Mike,

I am keeping several options on the table for my short-term (1 to 2 years) future endeavors. One of those options includes going back into the Army. My desire to return has zero to do with the payoff for our efforts in Iraq, A'Stan, or elsewhere. For me, it is due to two factors:
1) I enjoyed working with other Soldiers far more than I think I will enjoy working with civilians.
2) I found satisfaction in helping the indigenous people where I deployed. I don't mean that I helped them by being a cog in the machine that implements our military strategy. I mean that I could choose to treat people like "civilians on the battlefield" or I could treat them like I would want to be treated if our roles were reversed. I chose the latter and it was rewarding.

I got out of the Army because I, like you, do not do garrison. It was not so much that I separated due to low job satisfaction so much as it was due to the fact that I did not see how I could perform at an acceptable level if I hated every minute of the job.

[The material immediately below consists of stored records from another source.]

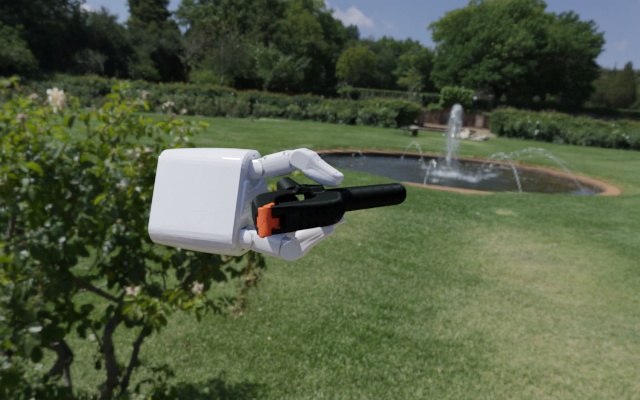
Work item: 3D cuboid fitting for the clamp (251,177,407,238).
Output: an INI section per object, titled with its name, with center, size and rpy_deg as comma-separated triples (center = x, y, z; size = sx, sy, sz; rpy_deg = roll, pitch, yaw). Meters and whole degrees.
[clamp]
center = 0.000, 0.001, 0.501
size = 0.164, 0.036, 0.210
rpy_deg = 2, 10, 15
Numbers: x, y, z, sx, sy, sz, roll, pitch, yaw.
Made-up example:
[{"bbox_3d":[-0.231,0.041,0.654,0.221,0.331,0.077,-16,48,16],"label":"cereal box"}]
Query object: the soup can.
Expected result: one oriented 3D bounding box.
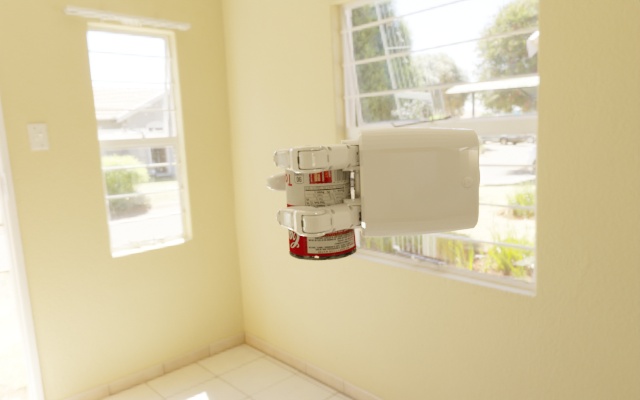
[{"bbox_3d":[0.000,0.001,0.472,0.068,0.102,0.068,-3,9,0],"label":"soup can"}]
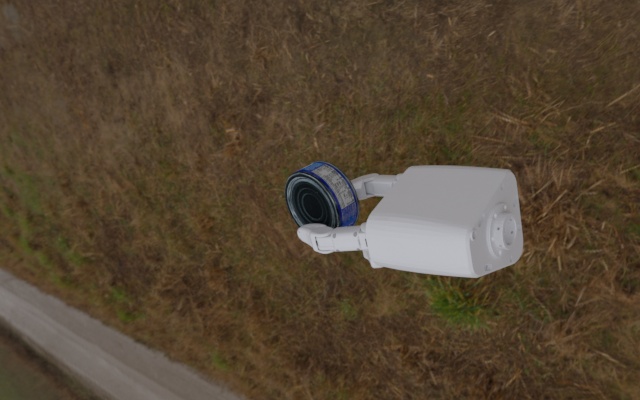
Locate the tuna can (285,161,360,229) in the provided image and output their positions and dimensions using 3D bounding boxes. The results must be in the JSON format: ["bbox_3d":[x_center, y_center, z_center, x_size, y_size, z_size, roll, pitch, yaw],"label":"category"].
[{"bbox_3d":[0.000,0.002,0.527,0.033,0.086,0.086,-30,19,-37],"label":"tuna can"}]
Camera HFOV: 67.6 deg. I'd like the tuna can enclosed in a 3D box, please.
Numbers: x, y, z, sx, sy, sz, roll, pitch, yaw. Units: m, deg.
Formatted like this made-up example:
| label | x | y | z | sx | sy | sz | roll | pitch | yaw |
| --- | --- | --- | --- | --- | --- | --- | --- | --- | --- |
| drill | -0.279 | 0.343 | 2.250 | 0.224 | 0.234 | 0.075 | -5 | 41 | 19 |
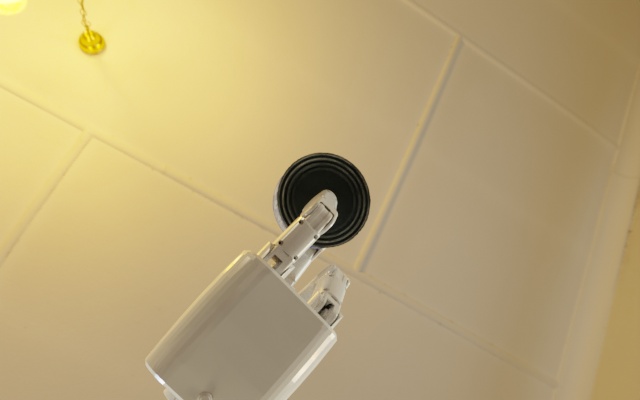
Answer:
| label | x | y | z | sx | sy | sz | roll | pitch | yaw |
| --- | --- | --- | --- | --- | --- | --- | --- | --- | --- |
| tuna can | 0.000 | 0.001 | 0.438 | 0.086 | 0.086 | 0.034 | 0 | -8 | -15 |
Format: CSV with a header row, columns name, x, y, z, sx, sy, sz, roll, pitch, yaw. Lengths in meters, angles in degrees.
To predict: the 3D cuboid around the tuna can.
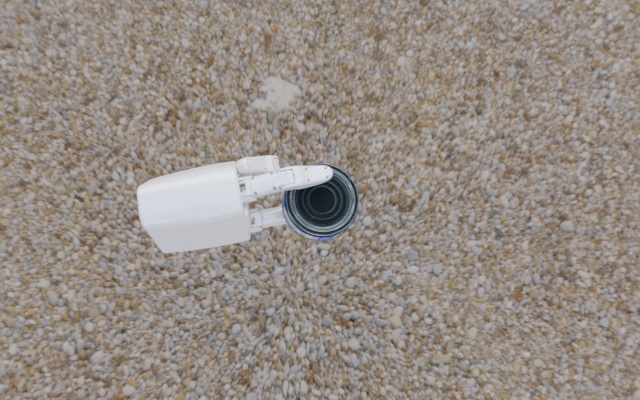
name,x,y,z,sx,sy,sz,roll,pitch,yaw
tuna can,0.000,0.002,0.541,0.086,0.086,0.034,0,-12,-9
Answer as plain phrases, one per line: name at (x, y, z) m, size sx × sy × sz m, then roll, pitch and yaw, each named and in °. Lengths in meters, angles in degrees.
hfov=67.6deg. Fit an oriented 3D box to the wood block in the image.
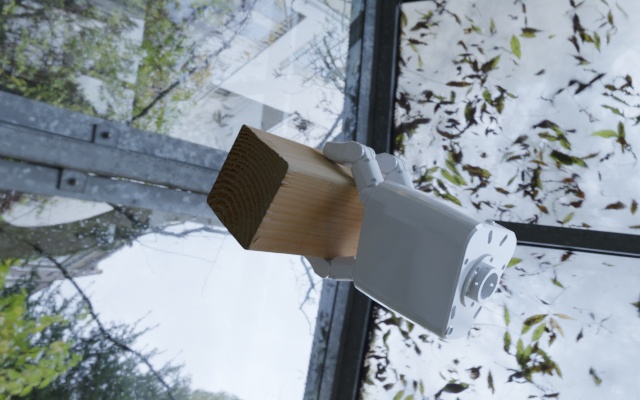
wood block at (0.000, 0.002, 0.507) m, size 0.206 × 0.091 × 0.090 m, roll 13°, pitch 21°, yaw -45°
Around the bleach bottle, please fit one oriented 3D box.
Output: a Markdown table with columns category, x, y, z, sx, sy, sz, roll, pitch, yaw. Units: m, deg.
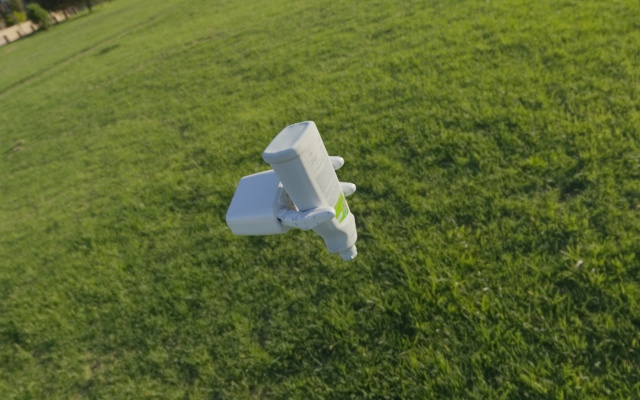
| category | x | y | z | sx | sy | sz | roll | pitch | yaw |
| --- | --- | --- | --- | --- | --- | --- | --- | --- | --- |
| bleach bottle | 0.000 | 0.002 | 0.779 | 0.068 | 0.251 | 0.102 | -7 | 33 | 31 |
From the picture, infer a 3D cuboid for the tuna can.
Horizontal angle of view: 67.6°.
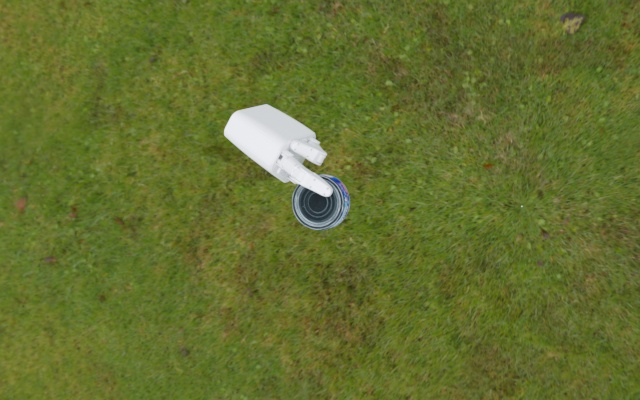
[{"bbox_3d":[0.000,0.002,0.733,0.086,0.086,0.034,0,3,18],"label":"tuna can"}]
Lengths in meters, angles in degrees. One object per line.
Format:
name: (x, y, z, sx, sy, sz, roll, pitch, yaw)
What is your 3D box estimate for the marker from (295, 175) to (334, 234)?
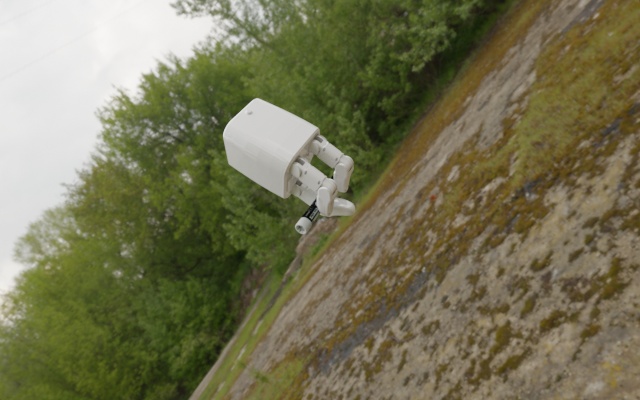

By process of elimination, I do not do strategy or garrison, which means that I do field at the tactical or operational level. Well, I'll add this to the mix: I don't do operational either. That said, the civilian alternative is far, far less exciting. After seeing how mind-numbingly boring the alternative is, I'm open to the prospect of enduring the soul-crushing, thankless, often worthless, tedious existence of a staff officer if it means that I might, if I'm fortunate, get to command Soldiers for one year out of five. The stark comparison of civilian vs Soldier has helped me to appreciate that even a staff job isn't as bad as I thought it was. With this perspective, I think I might be able to perform it better, so I am considering a return.

As for long-term, how does this end? I frankly think it is irrelevant. I think a more important question is: what are we defending? As I have watched the financial "disaster" unfold, and learn about just how widespread and pervasive the unethical, immoral, and flat-out illegal behavior was throughout all organizations involved (from the top to bottom); as I watch our response to it in the halls of government, with nothing but coldly-calculated moves by politicians to engage in CYA and ensure their own re-elections and enrich their contributors and future employers; and as I observe our society's continued slouch towards Gomorrah (don't read too much into me appropriating that book title), I really don't know what we are defending. Until I can answer that question, I can't see any relevance to the question of "to what end" or "how does it end" or anything similar. I am very pessimistic about our future - not due to economics or security, so much as due to the depravity of our society and the entrenchment of a class of people who have a lot of power and no morals.

I've never considered myself to be selfish, so it seems weird to look at this selfishly. But if I were to look at it selflessly, I would need to ask whom I am serving and what for. I can't answer it. So I am left asking what line of work I will enjoy more. I like working with Soldiers and deploying with the line units. Long response short: I guess I don't care how it ends, so long as I can participate and execute my piece of the fight to the best of my ability. It beats a 9 to 5 job.

Ugh. I didn't intend to type that much initially.